Comments sorted by top scores.

comment by Davidmanheim · 2023-07-12T10:31:17.440Z · LW(p) · GW(p)

A few brief notes.

1. Openphil's biosecurity work already focuses on AIxBio quite a bit.

2. re: engineered pandemics, I think the analysis is wrong on several fronts, but primarily, it seems unclear how AI making a pandemic would differ from the types of pandemic we're already defending against, and so assuming no LoC, typical biosecurity approaches seem fine.

3. Everyone is already clear that we want AI away from nuclear systems, and I don't know that there is anything more to say about it, other than focusing on how little we understand Deep Learning systems and ensuring politicians and others are aware.

4. This analysis ignores AIxCybersecurity issues, which also seem pretty important for non-LoC risks.
 

Replies from: yiyang
comment by Yi-Yang (yiyang) · 2023-07-27T02:09:48.300Z · LW(p) · GW(p)

Hey David, thanks for the feedback! 

1. I did look at Openphil’s grant database back in May and found nothing. Could you point where we could find more information about this?

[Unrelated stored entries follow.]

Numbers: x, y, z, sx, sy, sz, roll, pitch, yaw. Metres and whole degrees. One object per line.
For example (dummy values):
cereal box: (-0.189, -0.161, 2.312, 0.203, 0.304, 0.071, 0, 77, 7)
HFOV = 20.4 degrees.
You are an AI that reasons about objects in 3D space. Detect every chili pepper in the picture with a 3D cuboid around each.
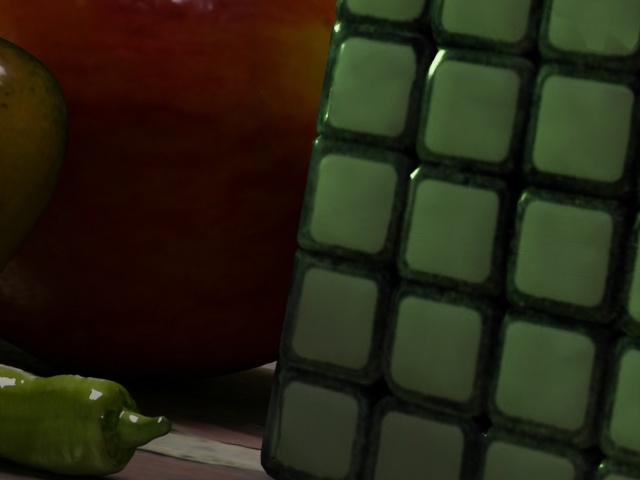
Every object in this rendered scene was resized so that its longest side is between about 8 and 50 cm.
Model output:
chili pepper: (-0.161, 0.065, 0.678, 0.208, 0.043, 0.049, 3, 39, -5)

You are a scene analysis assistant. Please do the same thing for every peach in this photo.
peach: (-0.095, -0.047, 0.900, 0.281, 0.238, 0.281, -3, -18, -1)

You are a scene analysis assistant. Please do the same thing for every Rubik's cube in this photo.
Rubik's cube: (0.145, 0.003, 0.715, 0.237, 0.238, 0.237, 10, 6, 32)

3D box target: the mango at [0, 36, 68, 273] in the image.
mango: (-0.210, -0.013, 0.725, 0.221, 0.152, 0.120, -11, -27, -2)
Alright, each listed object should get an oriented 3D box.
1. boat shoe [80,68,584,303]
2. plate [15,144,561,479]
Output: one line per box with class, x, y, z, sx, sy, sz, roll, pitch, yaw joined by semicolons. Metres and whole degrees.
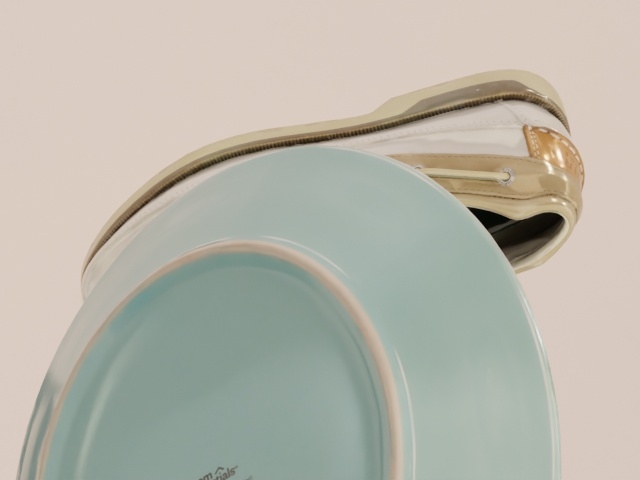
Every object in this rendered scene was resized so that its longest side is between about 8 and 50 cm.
boat shoe;0.000;0.000;1.076;0.302;0.103;0.113;-23;-51;13
plate;-0.023;0.064;0.485;0.024;0.188;0.188;21;-67;-46
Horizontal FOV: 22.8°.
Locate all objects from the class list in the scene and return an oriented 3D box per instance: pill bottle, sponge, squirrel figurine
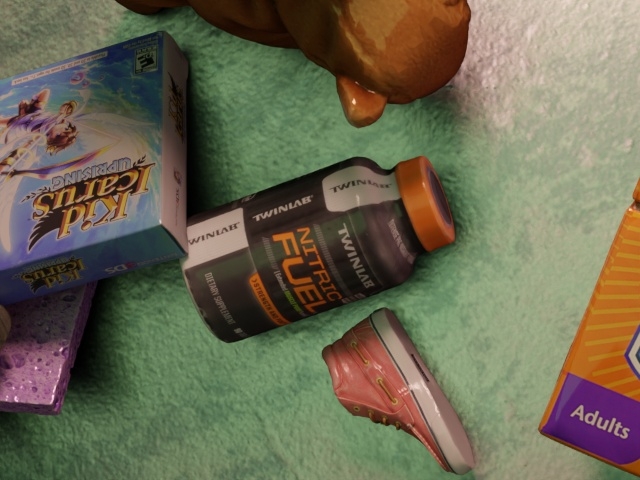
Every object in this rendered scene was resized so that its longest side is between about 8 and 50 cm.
[{"bbox_3d":[0.000,0.000,1.495,0.246,0.130,0.130,-20,82,13],"label":"pill bottle"},{"bbox_3d":[-0.290,0.071,1.569,0.117,0.031,0.210,4,59,12],"label":"sponge"},{"bbox_3d":[-0.044,-0.267,1.382,0.281,0.397,0.370,-48,67,3],"label":"squirrel figurine"}]

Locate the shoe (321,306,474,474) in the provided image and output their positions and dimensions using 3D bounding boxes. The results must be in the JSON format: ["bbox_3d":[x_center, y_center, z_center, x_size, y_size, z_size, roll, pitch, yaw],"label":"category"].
[{"bbox_3d":[0.072,0.157,1.505,0.081,0.063,0.178,-34,74,13],"label":"shoe"}]

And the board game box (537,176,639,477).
[{"bbox_3d":[0.415,0.031,1.239,0.357,0.356,0.356,22,98,11],"label":"board game box"}]

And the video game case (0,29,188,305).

2. Hmm are you saying an AI-engineered pandemic would likely be similar to natural pandemics we’re already defending against? If so, I would probably disagree here. I’m also unsure how AI-engineered pandemics might create highly novel strains, but I think the risk of this happening seems non-trivial.

And wouldn’t AI accelerate such developments as well?

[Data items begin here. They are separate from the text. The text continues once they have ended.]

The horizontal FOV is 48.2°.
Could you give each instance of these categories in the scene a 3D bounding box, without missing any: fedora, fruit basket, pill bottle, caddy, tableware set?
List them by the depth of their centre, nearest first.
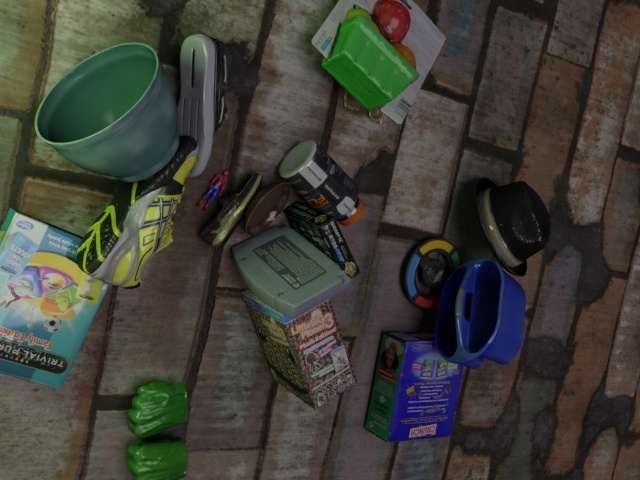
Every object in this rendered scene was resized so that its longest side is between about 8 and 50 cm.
[{"bbox_3d":[0.014,-0.143,1.907,0.245,0.130,0.130,43,77,-31],"label":"pill bottle"},{"bbox_3d":[0.161,-0.533,1.914,0.327,0.165,0.353,39,57,-22],"label":"fruit basket"},{"bbox_3d":[0.141,-0.412,1.995,0.168,0.020,0.141,20,89,-34],"label":"tableware set"},{"bbox_3d":[0.462,0.216,2.122,0.179,0.241,0.341,31,57,-29],"label":"caddy"},{"bbox_3d":[0.605,-0.064,2.194,0.334,0.152,0.334,35,41,-37],"label":"fedora"}]

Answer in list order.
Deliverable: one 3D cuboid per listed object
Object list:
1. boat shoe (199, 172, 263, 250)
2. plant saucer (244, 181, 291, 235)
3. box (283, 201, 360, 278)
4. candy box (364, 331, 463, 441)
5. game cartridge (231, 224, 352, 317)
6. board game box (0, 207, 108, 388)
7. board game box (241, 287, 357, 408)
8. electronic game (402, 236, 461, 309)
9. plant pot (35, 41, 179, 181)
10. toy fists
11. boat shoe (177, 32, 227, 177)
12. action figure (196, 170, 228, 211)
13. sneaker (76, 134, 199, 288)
[{"bbox_3d":[-0.224,-0.084,1.801,0.073,0.080,0.223,31,81,-1],"label":"boat shoe"},{"bbox_3d":[-0.141,-0.086,1.833,0.168,0.029,0.168,-46,162,-19],"label":"plant saucer"},{"bbox_3d":[0.000,0.000,1.875,0.051,0.220,0.175,-34,116,-17],"label":"box"},{"bbox_3d":[0.300,0.449,2.223,0.268,0.122,0.317,6,96,-35],"label":"candy box"},{"bbox_3d":[-0.087,0.074,1.798,0.198,0.297,0.062,-31,134,-21],"label":"game cartridge"},{"bbox_3d":[-0.630,0.133,1.588,0.254,0.079,0.336,26,86,-34],"label":"board game box"},{"bbox_3d":[-0.057,0.255,1.888,0.141,0.232,0.291,-28,113,-25],"label":"board game box"},{"bbox_3d":[0.348,0.103,2.222,0.229,0.048,0.229,-8,104,-32],"label":"electronic game"},{"bbox_3d":[-0.424,-0.249,1.533,0.293,0.293,0.196,-48,138,-15],"label":"plant pot"},{"bbox_3d":[-0.416,0.488,1.796,0.142,0.096,0.279,-5,102,-42],"label":"toy fists"},{"bbox_3d":[-0.268,-0.314,1.696,0.119,0.121,0.335,-15,121,-53],"label":"boat shoe"},{"bbox_3d":[-0.265,-0.128,1.795,0.038,0.030,0.115,37,78,-28],"label":"action figure"},{"bbox_3d":[-0.389,-0.068,1.617,0.385,0.145,0.147,-57,134,-12],"label":"sneaker"}]

3. Thanks for the info! I don’t think we have access to a lot of personal views of researchers besides what we’ve seen in literature.

4. Ah did you mean AI x Cybersecurity x Non-LOC risks? That sounds right. I don't think we've actually thought about this. 

Reflecting on this, it feels like we could have done better if we spoke to at least a few researchers instead of depending so much on lit reviews. 

Replies from: Davidmanheim
comment by Davidmanheim · 2023-07-29T18:32:45.038Z · LW(p) · GW(p)
  1. The grants are to groups and individuals doing work in this area, so it encompasses much of the grants that are on biorisk in general - as well as several people employed by OpenPhil doing direct work on the topic.
  2. I'm saying that defense looks similar - early detection, quarantines, contact tracing, and rapid production of vaccines all help, and it's unclear how non-superhuman AI could do any of the scariest things people have discussed as threats.
  3. Public statements to the press already discuss this, as does some research.
  4. Yes, and again, I think it's a big deal.

And yes, but expert elicitation is harder than lit reviews.